- [TASK REQUIREMENTS] Line by line, repeat the material below exactly and skip the images.

- [DATA SECTION]
---

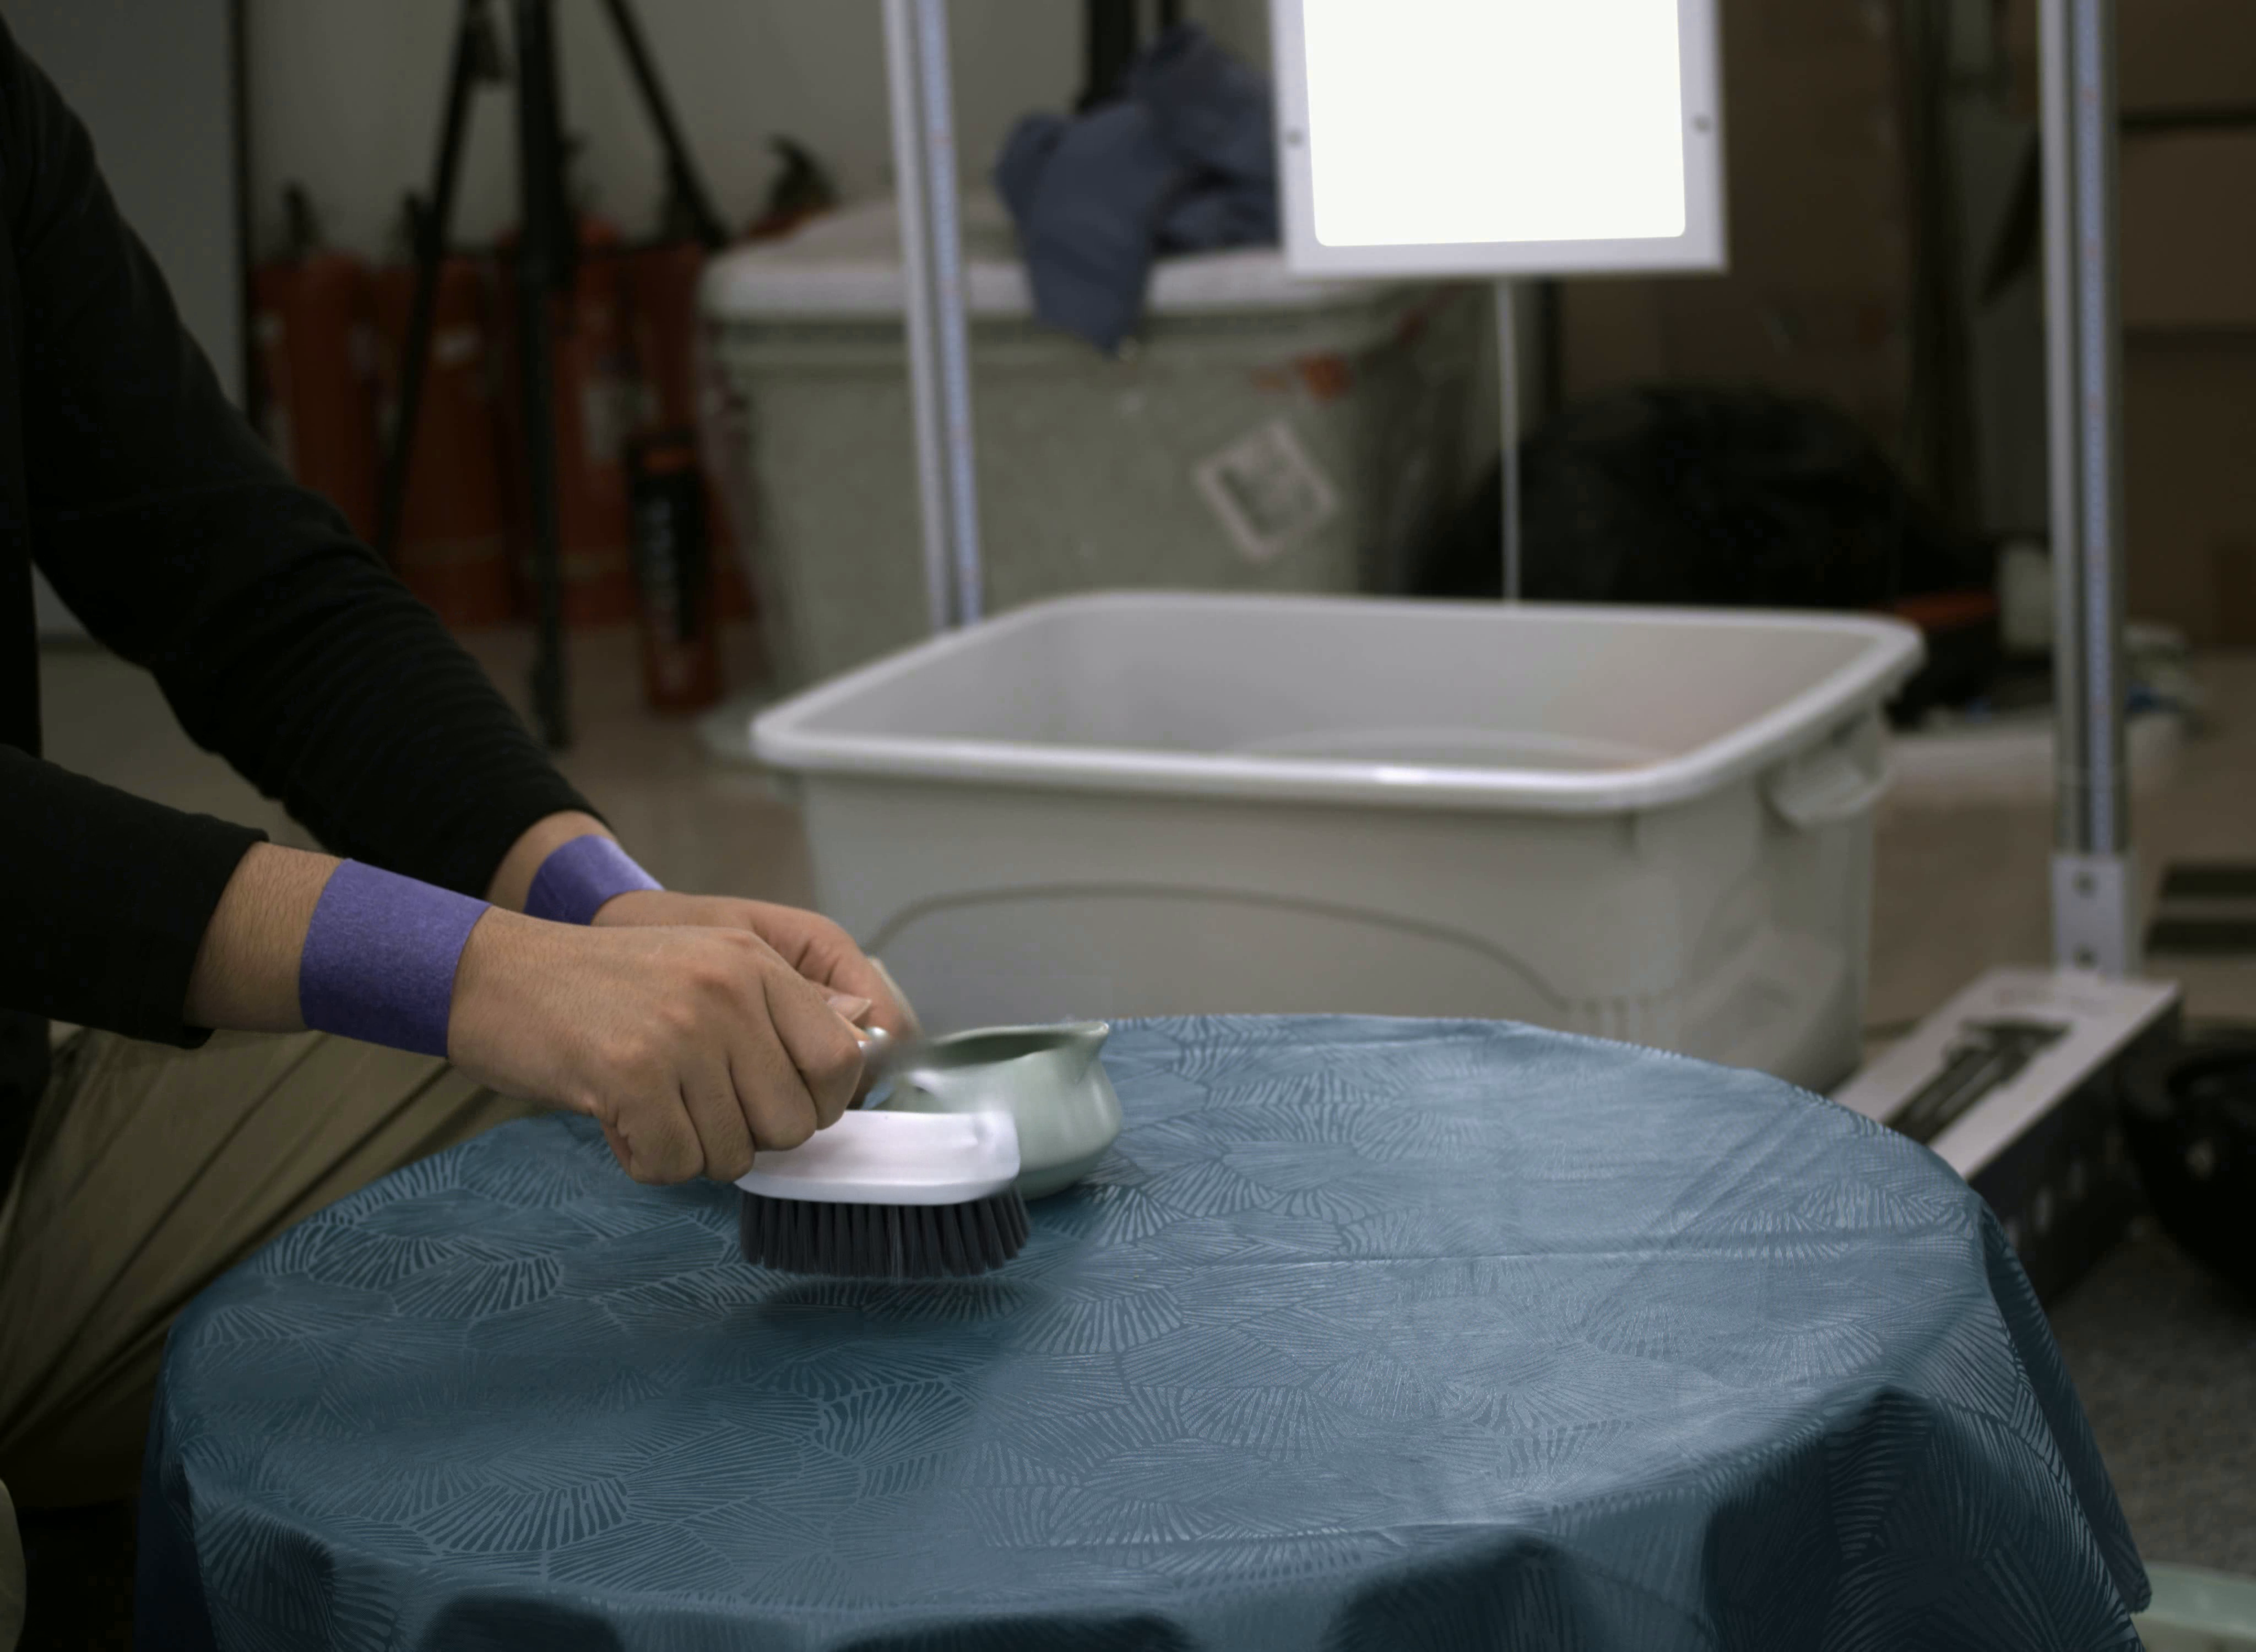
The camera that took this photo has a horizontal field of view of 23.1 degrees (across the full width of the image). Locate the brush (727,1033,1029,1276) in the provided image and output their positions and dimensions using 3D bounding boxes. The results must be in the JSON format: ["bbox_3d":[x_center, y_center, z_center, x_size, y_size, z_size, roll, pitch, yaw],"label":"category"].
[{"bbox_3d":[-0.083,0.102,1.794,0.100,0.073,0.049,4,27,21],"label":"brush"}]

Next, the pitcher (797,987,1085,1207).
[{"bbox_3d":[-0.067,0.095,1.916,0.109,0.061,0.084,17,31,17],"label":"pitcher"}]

---

- [TASK ANSWER]
The camera that took this photo has a horizontal field of view of 23.1 degrees (across the full width of the image). Locate the brush (727,1033,1029,1276) in the provided image and output their positions and dimensions using 3D bounding boxes. The results must be in the JSON format: ["bbox_3d":[x_center, y_center, z_center, x_size, y_size, z_size, roll, pitch, yaw],"label":"category"].
[{"bbox_3d":[-0.083,0.102,1.794,0.100,0.073,0.049,4,27,21],"label":"brush"}]

Next, the pitcher (797,987,1085,1207).
[{"bbox_3d":[-0.067,0.095,1.916,0.109,0.061,0.084,17,31,17],"label":"pitcher"}]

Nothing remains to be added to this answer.